What you will do:
Your output must hold every entry exactly as written and none of the pictures.

Supplied data:
::::
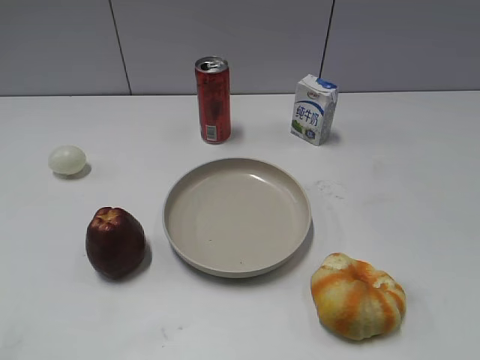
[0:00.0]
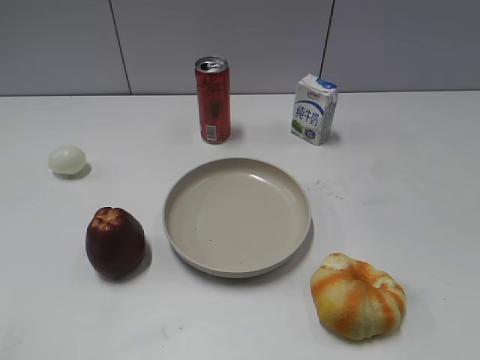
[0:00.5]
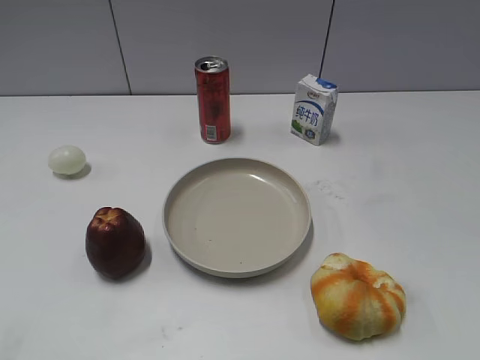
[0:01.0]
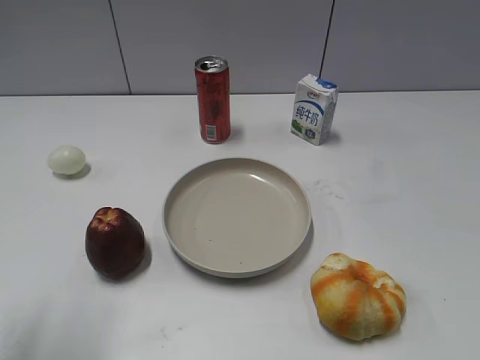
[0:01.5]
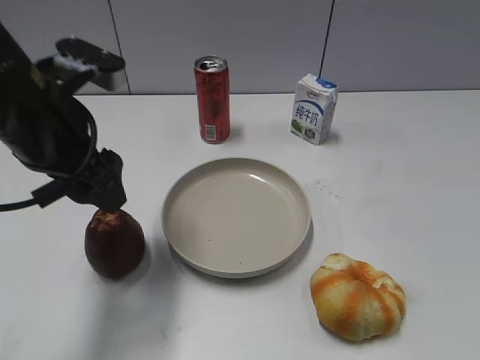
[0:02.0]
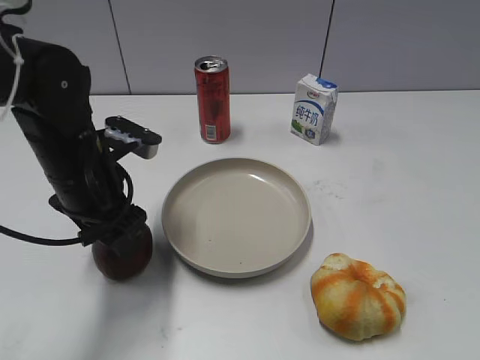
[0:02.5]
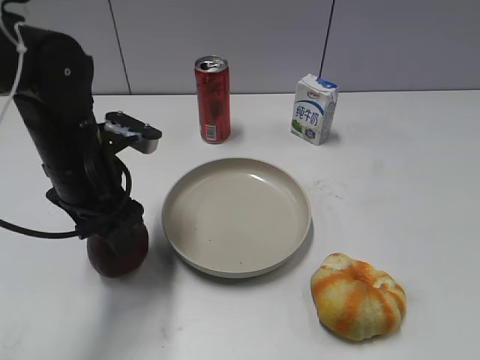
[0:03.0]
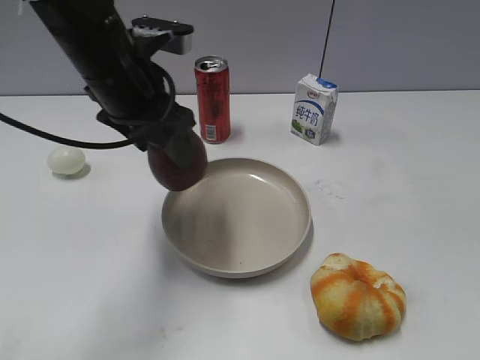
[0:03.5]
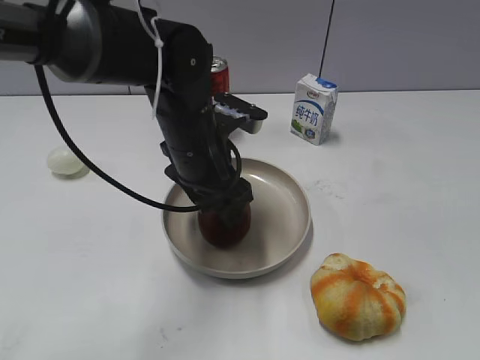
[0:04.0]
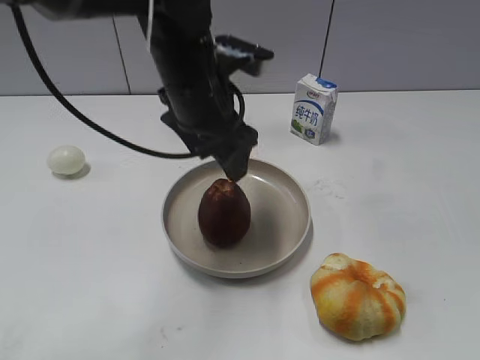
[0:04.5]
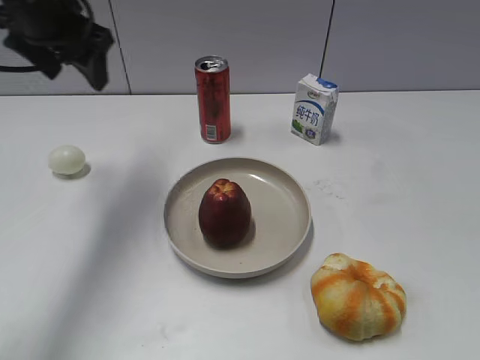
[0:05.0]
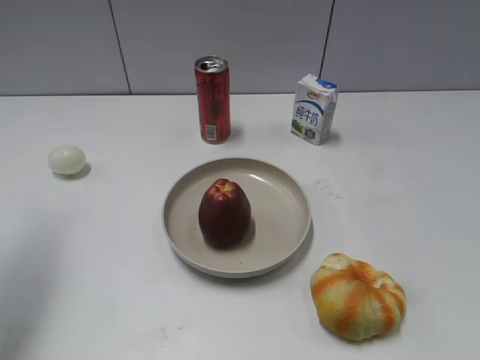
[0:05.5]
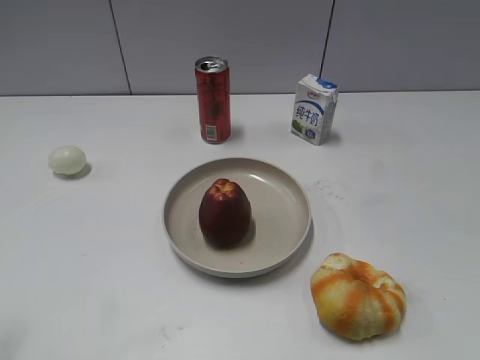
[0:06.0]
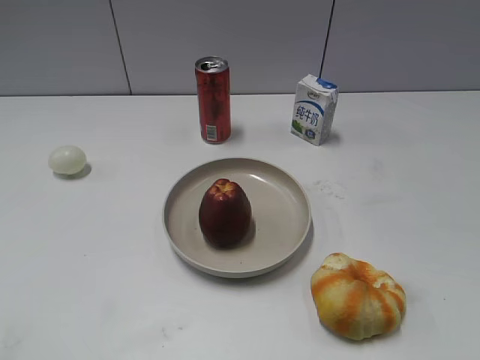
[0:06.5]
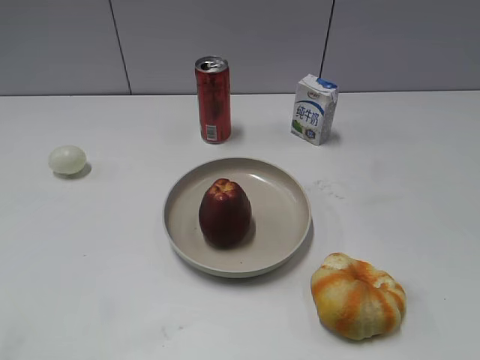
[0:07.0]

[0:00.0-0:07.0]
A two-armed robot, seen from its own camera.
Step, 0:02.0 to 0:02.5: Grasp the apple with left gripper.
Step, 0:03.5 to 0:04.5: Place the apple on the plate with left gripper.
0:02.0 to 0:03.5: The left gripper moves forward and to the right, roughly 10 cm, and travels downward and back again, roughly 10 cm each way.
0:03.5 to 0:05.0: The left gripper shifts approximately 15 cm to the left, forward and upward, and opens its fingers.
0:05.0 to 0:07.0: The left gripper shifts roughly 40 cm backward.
::::
Your solution:
[0:00.0]
[0:00.5]
[0:01.0]
[0:01.5]
[0:02.0]
[0:02.5]
[0:03.0]
[0:03.5]
[0:04.0]
[0:04.5]
[0:05.0]
[0:05.5]
[0:06.0]
[0:06.5]
[0:07.0]

[0:00.0-0:07.0]
A two-armed robot, seen from its own camera.
Step, 0:02.0 to 0:02.5: Grasp the apple with left gripper.
Step, 0:03.5 to 0:04.5: Place the apple on the plate with left gripper.
0:02.0 to 0:03.5: The left gripper moves forward and to the right, roughly 10 cm, and travels downward and back again, roughly 10 cm each way.
0:03.5 to 0:05.0: The left gripper shifts approximately 15 cm to the left, forward and upward, and opens its fingers.
0:05.0 to 0:07.0: The left gripper shifts roughly 40 cm backward.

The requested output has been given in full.